PS. Sarasa Gothic/Mono does not have many weights because it started off as a project to add good TrueType hinting instructions to Source Han Sans, and the author only had time to tweak parameters for two weights. Those bytecode instructions work well for low-dpi screens and wine in particular; they can be enabled with hintmedium/hintfull. (Keep those customizations to your own box though.)

Comment 45 Mingye Wang 2018-01-18 04:09:11 UTC
Oh, things look pretty hopeful on the Noto (Non-CJK) side!
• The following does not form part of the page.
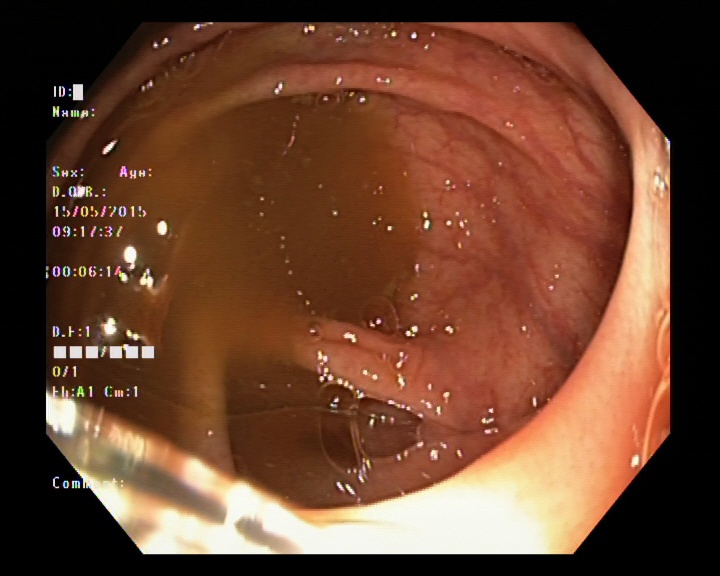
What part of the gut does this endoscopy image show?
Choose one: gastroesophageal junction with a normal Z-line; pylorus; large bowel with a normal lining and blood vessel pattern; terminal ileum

It's a good thing that they aren't limiting the filed issue to CJK, like with https://github.com/googlei18n/noto-cjk/issues/116 and https://github.com/adobe-fonts/source-han-sans/issues/175. I wonder whether the changes will come to CJK too.

Comment 46 Cheng-Chia Tseng 2018-01-21 16:42:25 UTC
I noticed that the default fonts of Chinese are going to switch to Noto CJK fonts.

https://fedoraproject.org/wiki/Changes/ChineseDefaultFontsToNoto

Although it is fine to switch to Noto CJK fonts that they share the same glyph design with Source Han fonts, I think it is still better to use Source Han fonts for localized font family names, such as "思源黑体", "思源黑體", or "思源宋體", "思源宋体."

Users who can read Chinese can choose the fonts more easily in the font selection list. Noto CJK fonts only display the English names, which is not quite friendly for normal users.

Comment 47 Peng Wu 2018-03-14 03:15:38 UTC
Thanks for the comments!

We decide to change all default CJK fonts to Google Noto CJK fonts for Fedora 28.